• _Task objective_
Only the number is wanted: how many lines in the material below contain "drawing".

• _Data_
================================

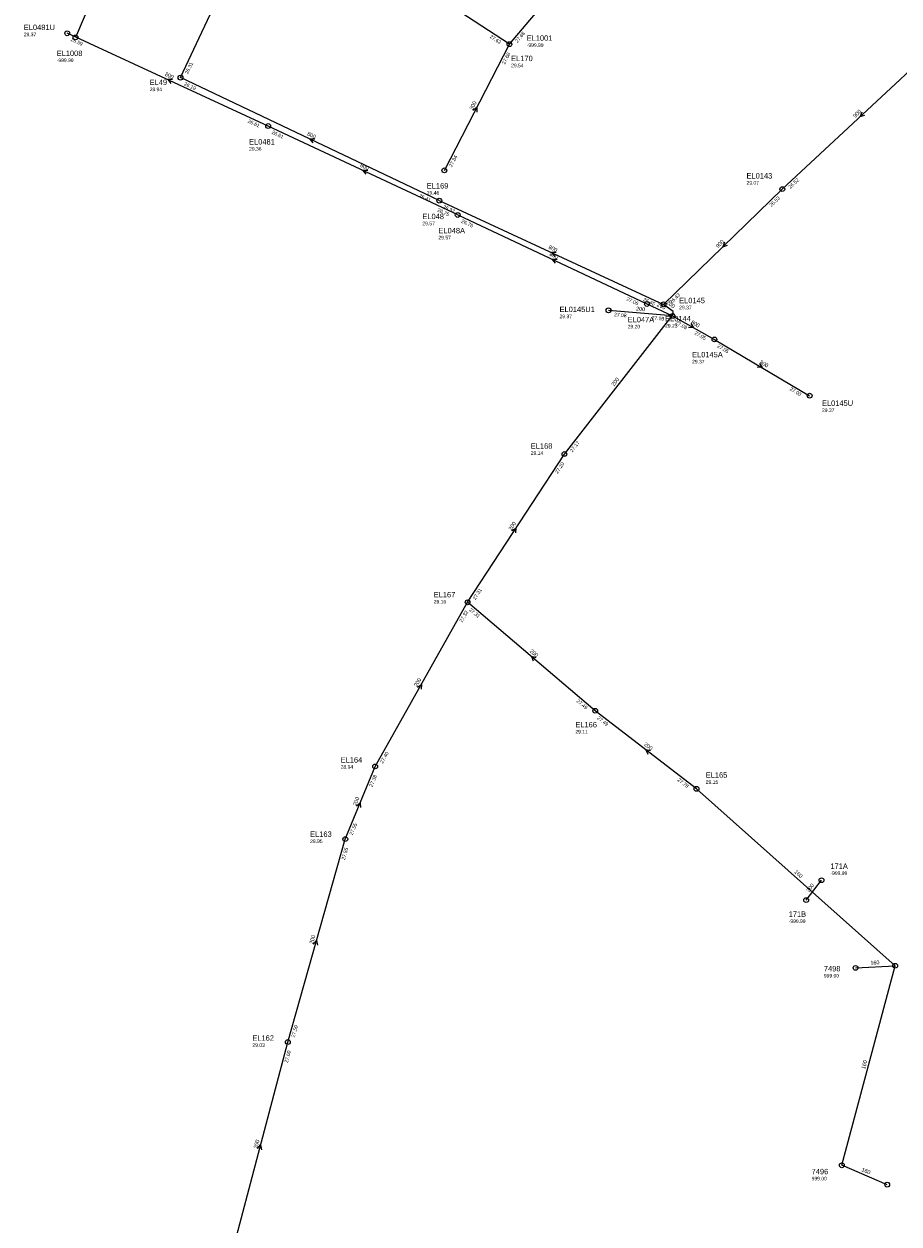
# Model space of a CAD drawing. Header units: metres. Extents: x 179992 to 198392, y 351761 to 369438.
# Tile 36 of 194: x 183104 to 183395, y 358505 to 358905. Entities that reach past the tile are written whole.
import ezdxf

# ---------------------------------------------------------------- set-up
doc = ezdxf.new("R2010")
doc.units = ezdxf.units.M

msp = doc.modelspace()

# ---------------------------------------------------------------- linework, layer by layer
at = {"layer": 'B-WE-RI-DRAINAGE-DRAIN_BETON_300', "linetype": 'Continuous'}
msp.add_lwpolyline([(183364.028, 358613.097), (183369.139, 358619.711)], dxfattribs=at)
at = {"layer": 'B-WE-RI-DRAINAGE-RIOOLPUT_INSPECTIEPUT'}
for centre in [(183369.14, 358619.71), (183364.03, 358613.1)]:
    msp.add_circle(centre, 0.8, dxfattribs=at)
at = {"layer": 'B-WE-RI-GWA-RIOOLLEIDING', "linetype": 'Continuous'}
for points in [[(183283.5, 358761.64), (183319.735, 358808.085), (183319.735, 358809.103), (183316.53, 358811.5)], [(183251.26, 358712.27), (183283.5, 358761.64)], [(183220.48, 358657.61), (183251.26, 358712.27)], [(183293.78, 358676.15), (183251.26, 358712.27)], [(183327.5, 358650.16), (183293.78, 358676.15)], [(183210.53, 358633.41), (183220.48, 358657.61)], [(183191.4, 358565.82), (183210.53, 358633.41)], [(183173.3, 358497.26), (183191.4, 358565.82)]]:
    msp.add_lwpolyline(points, dxfattribs=at)
at = {"layer": 'B-WE-RI-GWA-RIOOLLEIDING_BETON_300', "linetype": 'Continuous'}
for points in [[(183265.19, 358898.16), (183299.22, 358938.36)], [(183265.19, 358898.16), (183223.29, 358925.59)], [(183243.53, 358856.11), (183265.19, 358898.16)]]:
    msp.add_lwpolyline(points, dxfattribs=at)
at = {"layer": 'B-WE-RI-GWA-RIOOLLEIDING_BETON_800', "linetype": 'Continuous'}
msp.add_lwpolyline([(183155.67, 358887), (183203.07, 358987.86)], dxfattribs=at)
at = {"layer": 'B-WE-RI-GWA-RIOOLLEIDING_BETON_900', "linetype": 'Continuous'}
for points in [[(183407.97, 358898.18), (183356.07, 358849.89)], [(183356.07, 358849.89), (183316.53, 358811.5)]]:
    msp.add_lwpolyline(points, dxfattribs=at)
at = {"layer": 'B-WE-RI-GWA-RIOOLLEIDING_GVK_800', "linetype": 'Continuous'}
for points in [[(183241.84, 358846.03), (183155.67, 358887)], [(183241.84, 358846.03), (183316.53, 358811.5)]]:
    msp.add_lwpolyline(points, dxfattribs=at)
at = {"layer": 'B-WE-RI-GWA-RIOOLLEIDING_PVC_160', "linetype": 'Continuous'}
for points in [[(183393.66, 358591.23), (183327.5, 358650.16)], [(183375.91, 358524.78), (183393.66, 358591.23)], [(183380.47, 358590.51), (183393.66, 358591.23)], [(183391.02, 358518.31), (183375.91, 358524.78)]]:
    msp.add_lwpolyline(points, dxfattribs=at)
at = {"layer": 'B-WE-RI-GWA-RIOOLPUT_INSPECTIEPUT'}
for centre in [(183265.19, 358898.16), (183155.67, 358887), (183243.53, 358856.11), (183241.84, 358846.03), (183356.07, 358849.89), (183316.53, 358811.5), (183283.5, 358761.64), (183251.26, 358712.27), (183293.78, 358676.15), (183220.48, 358657.61), (183327.5, 358650.16), (183210.53, 358633.41), (183380.47, 358590.51), (183393.66, 358591.23), (183191.4, 358565.82), (183375.91, 358524.78), (183391.02, 358518.31)]:
    msp.add_circle(centre, 0.8, dxfattribs=at)
at = {"layer": 'B-WE-RI-GWA_STROMINGSRICHTING'}
for points in [[(183253.06, 358876.18), (183254.36, 358877.14), (183254.34, 358875.53)], [(183382.58, 358875.54), (183382.02, 358874.04), (183383.56, 358874.49)], [(183200.36, 358866.55), (183198.76, 358866.52), (183199.75, 358865.25)], [(183336.83, 358832.21), (183336.3, 358830.7), (183337.83, 358831.18)], [(183280.79, 358828.81), (183279.18, 358828.77), (183280.19, 358827.51)], [(183265.99, 358736.14), (183267.38, 358736.96), (183267.2, 358735.36)], [(183274.08, 358693.83), (183272.52, 358694.21), (183273.15, 358692.73)], [(183234.54, 358684.04), (183235.87, 358684.94), (183235.79, 358683.33)], [(183312.22, 358662.85), (183310.64, 358663.16), (183311.34, 358661.71)], [(183214.29, 358644.45), (183215.51, 358645.51), (183215.62, 358643.9)], [(183199.88, 358598.43), (183200.96, 358599.61), (183201.27, 358598.03)], [(183181.29, 358530.33), (183182.35, 358531.54), (183182.68, 358529.96)]]:
    msp.add_lwpolyline(points, dxfattribs=at)
at = {"layer": 'B-WE-RI-HWA-POMPPUT'}
msp.add_circle((183310.99, 358811.63), 0.8, dxfattribs=at)
at = {"layer": 'B-WE-RI-HWA-RIOOLLEIDING', "linetype": 'Continuous'}
msp.add_lwpolyline([(183310.99, 358811.63), (183319.48, 358807.65)], dxfattribs=at)
at = {"layer": 'B-WE-RI-HWA-RIOOLLEIDING_GVK_800', "linetype": 'Continuous'}
for points in [[(183184.84, 358870.88), (183117.936, 358901.783)], [(183247.98, 358841.27), (183184.84, 358870.88)], [(183247.98, 358841.27), (183310.99, 358811.63)], [(183319.48, 358807.65), (183333.471, 358799.817)], [(183333.471, 358799.817), (183365.179, 358781.067)]]:
    msp.add_lwpolyline(points, dxfattribs=at)
at = {"layer": 'B-WE-RI-HWA-RIOOLLEIDING_PVC_200', "linetype": 'Continuous'}
msp.add_lwpolyline([(183319.48, 358807.65), (183298.198, 358809.5)], dxfattribs=at)
at = {"layer": 'B-WE-RI-HWA-RIOOLPUT_INSPECTIEPUT'}
for centre in [(183117.94, 358901.78), (183184.84, 358870.88), (183247.98, 358841.27), (183298.2, 358809.5), (183319.48, 358807.65), (183333.47, 358799.82), (183365.18, 358781.07)]:
    msp.add_circle(centre, 0.8, dxfattribs=at)
at = {"layer": 'B-WE-RI-HWA_STROMINGSRICHTING'}
for points in [[(183153, 358886.38), (183151.39, 358886.33), (183152.39, 358885.07)], [(183218.02, 358856.12), (183216.41, 358856.08), (183217.41, 358854.81)], [(183281.09, 358826.49), (183279.48, 358826.45), (183280.48, 358825.19)], [(183325.57, 358805.07), (183326.48, 358803.73), (183324.87, 358803.81)], [(183348.45, 358791.79), (183349.33, 358790.44), (183347.72, 358790.56)]]:
    msp.add_lwpolyline(points, dxfattribs=at)
at = {"layer": 'B-WE-RI-RIOOLLEIDING', "linetype": 'Continuous'}
msp.add_lwpolyline([(183172.676, 359022.401), (183120.69, 358900.393)], dxfattribs=at)
at = {"layer": 'B-WE-RI-RIOOLPUT_INSPECTIEPUT'}
msp.add_circle((183120.69, 358900.39), 0.8, dxfattribs=at)

# ---------------------------------------------------------------- texts
at = {"layer": 'B-WE-RI-DRAINAGE_AFM'}
msp.add_text('300', height=1.3, rotation=52.3, dxfattribs=at).set_placement((183365.01, 358615.63))
at = {"layer": 'B-WE-RI-DRAINAGE_PUTDEKSELNIVEAU'}
for p in [(183372.09, 358621.45), (183358.19, 358605.47)]:
    msp.add_text('-999.99', height=1.2, dxfattribs=at).set_placement(p)
at = {"layer": 'B-WE-RI-DRAINAGE_PUTNUMMER'}
for s, p in [('171A', (183372.09, 358623.49)), ('171B', (183358.19, 358607.51))]:
    msp.add_text(s, height=1.8, dxfattribs=at).set_placement(p)
at = {"layer": 'B-WE-RI-GWA_AFM'}
for s, rotation, p in [('300', 62.75, (183252.95, 358876.11)), ('900', 42.94, (183380.34, 358873.54)), ('800', -25.43, (183197.68, 358867.86)), ('800', -24.81, (183278.09, 358830.11)), ('900', 44.15, (183334.63, 358830.15)), ('200', -36.79, (183317.34, 358811.87)), ('200', 52.04, (183300.06, 358784.14)), ('200', 56.85, (183265.86, 358736.08)), ('200', -40.35, (183271.83, 358695.81)), ('200', 60.62, (183234.43, 358683.98)), ('200', -37.62, (183309.88, 358664.71)), ('200', 67.65, (183214.18, 358644.36)), ('160', -41.69, (183359.93, 358622.3)), ('200', 74.2, (183199.8, 358598.34)), ('160', 3.12, (183385.46, 358591.56)), ('160', 75.04, (183383.62, 358556.7)), ('200', 75.21, (183181.2, 358530.23)), ('160', -23.18, (183382.34, 358522.87))]:
    msp.add_text(s, height=1.3, rotation=rotation, dxfattribs=at).set_placement(p)
at = {"layer": 'B-WE-RI-GWA_BOB'}
for s, rotation, p in [('27.62', -33.21, (183258.51, 358900.38)), ('27.68', 49.75, (183267.86, 358898.52)), ('27.68', 62.75, (183263.68, 358891.29)), ('26.31', 64.83, (183158.15, 358888.04)), ('26.19', -25.43, (183156.7, 358884.52)), ('27.84', 62.75, (183246.05, 358857.06)), ('26.52', 42.94, (183358.76, 358849.93)), ('26.41', -25.43, (183234.93, 358847.32)), ('26.53', 44.15, (183352.45, 358843.86)), ('26.37', -24.81, (183242.9, 358843.56)), ('26.43', 44.15, (183319.22, 358811.6)), ('26.45', -24.81, (183309.6, 358812.72)), ('27.17', 52.04, (183286.15, 358762.11)), ('27.20', 56.85, (183281.29, 358754.96)), ('27.31', 56.85, (183253.86, 358712.96)), ('27.32', 60.62, (183249.49, 358705.46)), ('27.31', -40.35, (183251.62, 358709.6)), ('27.49', -40.35, (183287.43, 358679.18)), ('27.49', -37.62, (183294.27, 358673.5)), ('27.40', 60.62, (183223.03, 358658.47)), ('27.38', 67.65, (183219.56, 358650.64)), ('27.78', -37.62, (183321.02, 358652.89)), ('27.55', 67.65, (183212.96, 358634.58)), ('27.55', 74.2, (183210.41, 358626.38)), ('27.59', 74.2, (183193.68, 358567.25)), ('27.60', 75.21, (183191.4, 358558.79))]:
    msp.add_text(s, height=1.2, rotation=rotation, dxfattribs=at).set_placement(p)
at = {"layer": 'B-WE-RI-GWA_PUTDEKSELNIVEAU'}
for s, p in [('29.54', (183265.77, 358890.46)), ('28.94', (183145.37, 358882.5)), ('29.07', (183344.16, 358851.36)), ('29.46', (183237.68, 358848.03)), ('29.57', (183236.21, 358837.84)), ('29.23', (183317.03, 358803.79)), ('29.14', (183272.32, 358761.38)), ('29.16', (183239.99, 358711.87)), ('29.11', (183287.16, 358668.58)), ('28.94', (183209, 358656.85)), ('29.15', (183330.59, 358651.8)), ('28.95', (183198.82, 358632.11)), ('999.00', (183369.92, 358587.32)), ('29.03', (183179.59, 358564.2)), ('999.00', (183365.84, 358519.74))]:
    msp.add_text(s, height=1.2, dxfattribs=at).set_placement(p)
at = {"layer": 'B-WE-RI-GWA_PUTNUMMER'}
for s, p in [('EL170', (183265.77, 358892.5)), ('EL49', (183145.37, 358884.54)), ('EL0143', (183344.16, 358853.4)), ('EL169', (183237.68, 358850.07)), ('EL048', (183236.21, 358839.88)), ('EL0144', (183317.03, 358805.83)), ('EL168', (183272.32, 358763.42)), ('EL167', (183239.99, 358713.91)), ('EL166', (183287.16, 358670.62)), ('EL164', (183209, 358658.89)), ('EL165', (183330.59, 358653.84)), ('EL163', (183198.82, 358634.15)), ('7498', (183369.92, 358589.36)), ('EL162', (183179.59, 358566.24)), ('7496', (183365.84, 358521.78))]:
    msp.add_text(s, height=1.8, dxfattribs=at).set_placement(p)
at = {"layer": 'B-WE-RI-HWA_AFM'}
for s, rotation, p in [('800', -24.79, (183150.3, 358887.71)), ('800', -25.12, (183215.33, 358857.42)), ('800', -25.19, (183278.41, 358827.8)), ('200', -4.97, (183307.36, 358809.46)), ('200', -25.12, (183314.16, 358810.99)), ('800', -29.24, (183325.49, 358805.15)), ('800', -30.6, (183348.38, 358791.89))]:
    msp.add_text(s, height=1.3, rotation=rotation, dxfattribs=at).set_placement(p)
at = {"layer": 'B-WE-RI-HWA_BOB'}
for s, rotation, p in [('26.59', -24.79, (183119, 358899.31)), ('26.61', -24.79, (183177.91, 358872.1)), ('26.61', -25.12, (183185.89, 358868.4)), ('26.75', -25.12, (183241.06, 358842.53)), ('26.76', -25.19, (183249.02, 358838.79)), ('27.06', -25.19, (183304.07, 358812.9)), ('27.08', -4.97, (183300.03, 358807.53)), ('27.08', -4.97, (183312.55, 358806.45)), ('27.08', -29.24, (183320.35, 358805.1)), ('27.05', -29.24, (183326.66, 358801.57)), ('27.05', -30.6, (183334.28, 358797.25)), ('27.00', -30.6, (183358.41, 358782.98))]:
    msp.add_text(s, height=1.2, rotation=rotation, dxfattribs=at).set_placement(p)
at = {"layer": 'B-WE-RI-HWA_PUTDEKSELNIVEAU'}
for s, p in [('29.37', (183103.47, 358900.8)), ('29.36', (183178.49, 358862.69)), ('29.57', (183241.56, 358833.12)), ('29.37', (183321.73, 358809.85)), ('29.37', (183281.89, 358806.89)), ('29.20', (183304.57, 358803.48)), ('29.37', (183326.03, 358791.82)), ('29.37', (183369.29, 358775.65))]:
    msp.add_text(s, height=1.2, dxfattribs=at).set_placement(p)
at = {"layer": 'B-WE-RI-HWA_PUTNUMMER'}
for s, p in [('EL0481U', (183103.47, 358902.84)), ('EL0481', (183178.49, 358864.73)), ('EL048A', (183241.56, 358835.16)), ('EL0145U1', (183281.89, 358808.93)), ('EL0145', (183321.73, 358811.89)), ('EL047A', (183304.57, 358805.52)), ('EL0145A', (183326.03, 358793.86)), ('EL0145U', (183369.29, 358777.69))]:
    msp.add_text(s, height=1.8, dxfattribs=at).set_placement(p)
at = {"layer": 'B-WE-RI_PUTDEKSELNIVEAU'}
for p in [(183270.94, 358897.23), (183114.42, 358892.17)]:
    msp.add_text('-999.99', height=1.2, dxfattribs=at).set_placement(p)
at = {"layer": 'B-WE-RI_PUTNUMMER'}
for s, p in [('EL1001', (183270.94, 358899.27)), ('EL1008', (183114.42, 358894.21))]:
    msp.add_text(s, height=1.8, dxfattribs=at).set_placement(p)

doc.saveas('drawing.dxf')

================================

• _Worked solution_
2